Not that I'm complaining about the butter. On the contrary, I'm too busy swabbing the puddle of buttery meat juices on my empty plate with the most delicious shoestring fries ($4.95); too intent on dunking crusty, potato bread in a barbecue sauce heady with garlic, herbs, Tabasco, Worcestershire and lemon juice.

Wretched excess some might say, but I'd reserve that epithet for fat, limp asparagus ($7.95) burdened with hollandaise when what they really need is a dose of Viagra.

"Be careful, the plate is very hot," announces the waiter, somewhat unnecessarily, since only moments before he had created a dramatic pillar of flame in the staid dining room by setting fire to the steak au poivre ($32.95), a juicy, peppercorn-crusted New York strip.

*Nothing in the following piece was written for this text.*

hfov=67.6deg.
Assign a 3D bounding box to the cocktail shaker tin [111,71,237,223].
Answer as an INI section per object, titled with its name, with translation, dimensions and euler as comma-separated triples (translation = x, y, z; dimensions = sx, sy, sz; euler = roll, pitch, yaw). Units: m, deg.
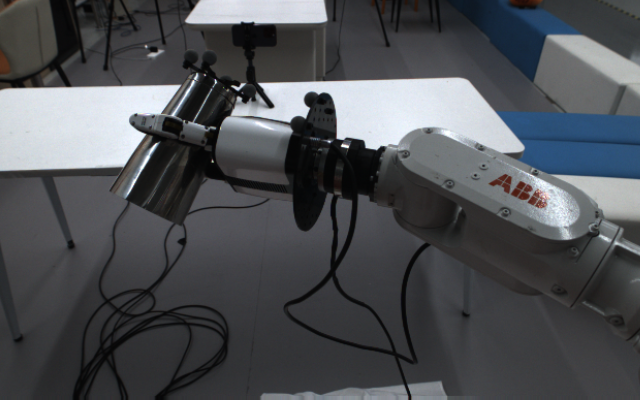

Hot plates are a Ruth's Chris trademark; even the ones not flambéed tableside. The prime, well-marbled steaks and chops are cooked in an 1,800-degree broiler, then transferred to 400-degree plates, so that they are still sizzling when they reach the well-padded table. Remarkably, your meat arrives just as requested, which means the medium lamb chops ($31.95) are a uniform pink inside and the medium rare rib-eye is warm in the center but still red.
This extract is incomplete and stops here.